It’s summer time and, at least according to George Gershwin, the living will be easy. Newspapers and magazines are full of advice about how we are expected to dress and behave for the next eight weeks. It’s not actually going to be easy. How can we possibly live up to the demands of summer? One particular advertisement I saw in a color magazine said it all. It showed a photo montage of a family dressed in what appear to be circus outfits, and variously engaged in fishing, throwing beach balls, sucking fizzy drinks through straws, cooking lobsters on a barbecue, and apparently playing tennis using a large dog as a net. All of them except the dog had peculiarly artificial fixed smiles, as if they had overdosed on some potent happiness drug. This is summer, according to the advertising industry. We must live outdoors, we must dress very strangely, we must have suitable "activities," and we must smile, because there will be nothing to smile about in November.
Summer is traditionally a happy time, when we can enjoy vacations and outdoor activities in the warm sunshine, if any. Saudi Arabia may be warmer, but they just can’t beat us for humidity. Summer brings many experiences that are denied to us all winter: mosquitoes, deer ticks, lawn care, carbonized food from the barbecue, ozone warnings, deadly ultra-violet rays, and hurricanes. Oddly enough, in spite of all this happy stuff, indexes of happiness tend to dip downwards in the summer. Perhaps it’s the air conditioning bills.

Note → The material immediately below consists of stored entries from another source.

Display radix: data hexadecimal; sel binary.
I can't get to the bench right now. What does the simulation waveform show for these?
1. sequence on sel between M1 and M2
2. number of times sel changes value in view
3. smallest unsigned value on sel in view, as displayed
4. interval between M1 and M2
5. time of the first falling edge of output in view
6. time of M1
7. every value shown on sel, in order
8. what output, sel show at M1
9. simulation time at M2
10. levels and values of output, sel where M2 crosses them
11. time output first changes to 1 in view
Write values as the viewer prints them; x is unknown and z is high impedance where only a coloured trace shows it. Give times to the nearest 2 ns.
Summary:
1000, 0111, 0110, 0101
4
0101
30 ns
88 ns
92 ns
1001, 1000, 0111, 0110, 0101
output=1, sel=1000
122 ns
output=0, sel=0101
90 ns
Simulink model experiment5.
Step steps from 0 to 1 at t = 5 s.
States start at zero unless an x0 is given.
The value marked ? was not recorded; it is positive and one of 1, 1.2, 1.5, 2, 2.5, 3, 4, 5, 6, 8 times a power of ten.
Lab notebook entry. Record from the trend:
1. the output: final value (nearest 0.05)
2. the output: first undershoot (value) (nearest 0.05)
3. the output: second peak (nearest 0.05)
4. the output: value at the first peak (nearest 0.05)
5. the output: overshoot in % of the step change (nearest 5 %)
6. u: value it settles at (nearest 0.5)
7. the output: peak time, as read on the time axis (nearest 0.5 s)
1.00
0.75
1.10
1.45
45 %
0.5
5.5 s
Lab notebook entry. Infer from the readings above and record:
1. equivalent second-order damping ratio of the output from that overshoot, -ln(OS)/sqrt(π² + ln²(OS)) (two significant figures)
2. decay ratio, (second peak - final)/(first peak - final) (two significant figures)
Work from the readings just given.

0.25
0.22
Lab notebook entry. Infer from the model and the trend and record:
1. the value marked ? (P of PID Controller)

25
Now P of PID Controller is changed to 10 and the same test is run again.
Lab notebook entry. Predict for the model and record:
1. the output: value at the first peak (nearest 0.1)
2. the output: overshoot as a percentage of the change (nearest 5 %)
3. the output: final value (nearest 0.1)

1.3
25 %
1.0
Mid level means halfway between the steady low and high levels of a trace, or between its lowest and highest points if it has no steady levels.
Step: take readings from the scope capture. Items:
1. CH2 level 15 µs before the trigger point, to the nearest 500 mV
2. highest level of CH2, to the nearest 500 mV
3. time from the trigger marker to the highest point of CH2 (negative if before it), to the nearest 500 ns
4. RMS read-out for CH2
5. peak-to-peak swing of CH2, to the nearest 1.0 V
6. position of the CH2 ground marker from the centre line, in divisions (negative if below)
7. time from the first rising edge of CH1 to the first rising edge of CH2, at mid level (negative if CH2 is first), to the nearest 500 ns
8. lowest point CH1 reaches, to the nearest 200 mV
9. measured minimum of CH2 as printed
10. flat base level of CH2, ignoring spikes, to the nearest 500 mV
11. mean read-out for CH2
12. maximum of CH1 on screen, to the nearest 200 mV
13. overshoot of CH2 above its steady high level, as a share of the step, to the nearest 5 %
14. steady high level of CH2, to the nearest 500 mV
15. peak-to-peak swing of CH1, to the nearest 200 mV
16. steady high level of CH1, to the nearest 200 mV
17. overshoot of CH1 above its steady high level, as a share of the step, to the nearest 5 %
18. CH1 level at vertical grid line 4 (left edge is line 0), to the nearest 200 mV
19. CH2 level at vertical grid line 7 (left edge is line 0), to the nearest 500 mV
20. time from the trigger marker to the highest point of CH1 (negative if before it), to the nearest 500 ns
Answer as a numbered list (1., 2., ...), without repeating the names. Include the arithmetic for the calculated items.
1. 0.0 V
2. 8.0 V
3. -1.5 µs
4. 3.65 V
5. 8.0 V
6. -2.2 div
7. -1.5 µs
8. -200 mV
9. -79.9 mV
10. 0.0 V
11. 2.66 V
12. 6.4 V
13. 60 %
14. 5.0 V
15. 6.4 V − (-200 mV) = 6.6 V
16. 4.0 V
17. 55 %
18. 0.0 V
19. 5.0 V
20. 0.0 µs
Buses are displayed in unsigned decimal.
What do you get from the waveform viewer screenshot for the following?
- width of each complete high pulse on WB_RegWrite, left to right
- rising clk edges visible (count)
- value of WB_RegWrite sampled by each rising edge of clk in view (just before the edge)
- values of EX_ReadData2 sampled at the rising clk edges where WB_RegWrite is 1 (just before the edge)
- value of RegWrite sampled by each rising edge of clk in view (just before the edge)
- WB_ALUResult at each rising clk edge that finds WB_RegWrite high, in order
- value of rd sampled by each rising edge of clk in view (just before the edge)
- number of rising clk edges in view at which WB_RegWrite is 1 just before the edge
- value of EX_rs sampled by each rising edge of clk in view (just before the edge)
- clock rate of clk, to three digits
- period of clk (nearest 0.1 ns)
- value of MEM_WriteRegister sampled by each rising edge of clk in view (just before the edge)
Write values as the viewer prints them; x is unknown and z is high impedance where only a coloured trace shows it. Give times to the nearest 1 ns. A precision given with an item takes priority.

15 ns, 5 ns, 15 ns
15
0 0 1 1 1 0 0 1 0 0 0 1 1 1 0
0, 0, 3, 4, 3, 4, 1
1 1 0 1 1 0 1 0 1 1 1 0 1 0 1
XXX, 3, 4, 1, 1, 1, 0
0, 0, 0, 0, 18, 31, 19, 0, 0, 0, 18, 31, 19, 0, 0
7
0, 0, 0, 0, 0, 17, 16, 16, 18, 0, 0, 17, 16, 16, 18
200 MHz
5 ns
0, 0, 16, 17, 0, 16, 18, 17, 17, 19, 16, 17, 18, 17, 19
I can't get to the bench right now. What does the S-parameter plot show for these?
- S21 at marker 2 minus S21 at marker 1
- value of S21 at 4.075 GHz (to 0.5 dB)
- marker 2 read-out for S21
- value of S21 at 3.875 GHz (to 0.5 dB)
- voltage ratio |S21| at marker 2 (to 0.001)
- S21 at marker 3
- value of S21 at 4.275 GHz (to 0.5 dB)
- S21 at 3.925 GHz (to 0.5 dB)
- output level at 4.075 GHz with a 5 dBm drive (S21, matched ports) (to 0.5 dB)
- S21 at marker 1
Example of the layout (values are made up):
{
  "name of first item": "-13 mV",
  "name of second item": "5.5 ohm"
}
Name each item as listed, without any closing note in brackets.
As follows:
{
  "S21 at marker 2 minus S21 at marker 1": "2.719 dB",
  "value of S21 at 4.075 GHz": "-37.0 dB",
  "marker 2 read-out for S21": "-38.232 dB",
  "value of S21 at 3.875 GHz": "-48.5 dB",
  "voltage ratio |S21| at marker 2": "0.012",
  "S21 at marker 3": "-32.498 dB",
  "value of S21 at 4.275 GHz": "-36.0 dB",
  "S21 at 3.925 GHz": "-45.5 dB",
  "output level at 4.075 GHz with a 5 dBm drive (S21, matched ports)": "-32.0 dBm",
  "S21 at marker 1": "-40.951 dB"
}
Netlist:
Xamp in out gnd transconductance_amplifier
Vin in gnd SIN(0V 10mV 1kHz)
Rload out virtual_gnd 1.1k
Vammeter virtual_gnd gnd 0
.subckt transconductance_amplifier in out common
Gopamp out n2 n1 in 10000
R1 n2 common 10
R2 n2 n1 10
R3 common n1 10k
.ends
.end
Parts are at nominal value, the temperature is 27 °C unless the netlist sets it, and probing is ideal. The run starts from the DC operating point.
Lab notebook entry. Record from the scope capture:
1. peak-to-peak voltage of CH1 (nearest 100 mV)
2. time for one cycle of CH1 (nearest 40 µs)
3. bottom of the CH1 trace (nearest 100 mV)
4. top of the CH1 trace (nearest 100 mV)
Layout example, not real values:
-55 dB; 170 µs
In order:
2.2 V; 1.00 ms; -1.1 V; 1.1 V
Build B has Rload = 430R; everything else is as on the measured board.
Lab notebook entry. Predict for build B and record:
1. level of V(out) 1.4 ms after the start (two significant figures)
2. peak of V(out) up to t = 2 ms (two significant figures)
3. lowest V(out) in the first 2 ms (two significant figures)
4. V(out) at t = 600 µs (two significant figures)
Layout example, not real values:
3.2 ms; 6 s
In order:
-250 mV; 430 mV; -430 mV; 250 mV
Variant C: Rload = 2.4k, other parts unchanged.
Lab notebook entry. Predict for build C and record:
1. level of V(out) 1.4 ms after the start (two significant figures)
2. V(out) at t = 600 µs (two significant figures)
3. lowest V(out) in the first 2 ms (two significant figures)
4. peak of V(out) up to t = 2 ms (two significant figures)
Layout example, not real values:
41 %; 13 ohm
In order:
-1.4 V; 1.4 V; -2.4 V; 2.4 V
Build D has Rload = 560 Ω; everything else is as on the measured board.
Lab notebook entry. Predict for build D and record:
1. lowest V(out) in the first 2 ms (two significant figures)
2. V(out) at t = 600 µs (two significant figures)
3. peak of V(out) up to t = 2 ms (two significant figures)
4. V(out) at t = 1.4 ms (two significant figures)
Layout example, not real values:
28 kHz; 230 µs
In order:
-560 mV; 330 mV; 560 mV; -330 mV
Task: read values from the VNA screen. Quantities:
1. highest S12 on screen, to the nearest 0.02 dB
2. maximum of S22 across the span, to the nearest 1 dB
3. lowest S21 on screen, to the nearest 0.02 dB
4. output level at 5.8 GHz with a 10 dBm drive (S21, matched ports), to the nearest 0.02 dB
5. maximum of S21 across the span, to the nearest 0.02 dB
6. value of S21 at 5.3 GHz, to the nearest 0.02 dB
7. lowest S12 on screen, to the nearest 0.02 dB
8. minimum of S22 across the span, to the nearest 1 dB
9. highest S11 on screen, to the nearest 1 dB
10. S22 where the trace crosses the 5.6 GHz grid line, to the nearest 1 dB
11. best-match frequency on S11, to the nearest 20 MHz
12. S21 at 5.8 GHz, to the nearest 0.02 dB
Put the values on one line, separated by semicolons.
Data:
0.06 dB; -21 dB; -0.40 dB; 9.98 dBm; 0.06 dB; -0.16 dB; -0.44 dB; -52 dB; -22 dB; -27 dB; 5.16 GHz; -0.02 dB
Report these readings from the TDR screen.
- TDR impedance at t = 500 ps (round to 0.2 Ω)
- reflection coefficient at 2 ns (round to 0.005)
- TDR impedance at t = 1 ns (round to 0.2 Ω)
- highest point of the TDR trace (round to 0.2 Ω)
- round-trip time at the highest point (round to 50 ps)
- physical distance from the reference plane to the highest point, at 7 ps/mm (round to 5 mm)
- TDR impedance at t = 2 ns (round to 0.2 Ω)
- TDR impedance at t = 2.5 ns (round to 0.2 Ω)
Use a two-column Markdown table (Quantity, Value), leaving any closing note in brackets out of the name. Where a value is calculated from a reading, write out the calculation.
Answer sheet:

Living outdoors is a collective summer fantasy. Yet the outdoors was not really discovered until the late eighteenth century. Before that, nature was just something you put in the background of paintings, which were supposed to be hung safely indoors out of the rain. Then artists began to paint nature herself, especially in her sublime, picturesque and pastoral aspects: mountains, waterfalls, deserts, and country scenes. Inspired by these dramatic images wealthy folks traveled to wild and remote parts of the world to experience the emotional power of raw nature. But they soon discovered that it was more comfortable to live in town and look at the paintings.
The great appeal of summer is that it offers the possibility of an outdoor life for a few weeks. That’s all most of us need: the possibility. We are an indoor species, not adapted to survive long without shelter. We started out in caves, then graduated to huts and houses, and finally to MacMansions and condominiums. Our whole history has been a progression from outdoors to indoors, so that now we live, and even play within four walls most of the time. We prefer to work indoors. It’s more prestigious, and it pays better. The whole education industry is built on this simple fact. In the science fiction and architectural fantasies of the 20th century, visionaries dreamed of covered cities, completely separated from the hazards of the open air. Nature could be viewed on television. This prophecy has already come true in places like Phoenix and Houston and has been enshrined in fiction by Steven King (in "Under the Dome") and Bart Simpson (in "The Simpson’s Movie").
This nervousness about being in the open air is not entirely crazy. Some Boy Scout troops now have their "camps" indoors, for safety reasons. If scouts can’t survive outdoors in summer, what hope is there for the rest of us?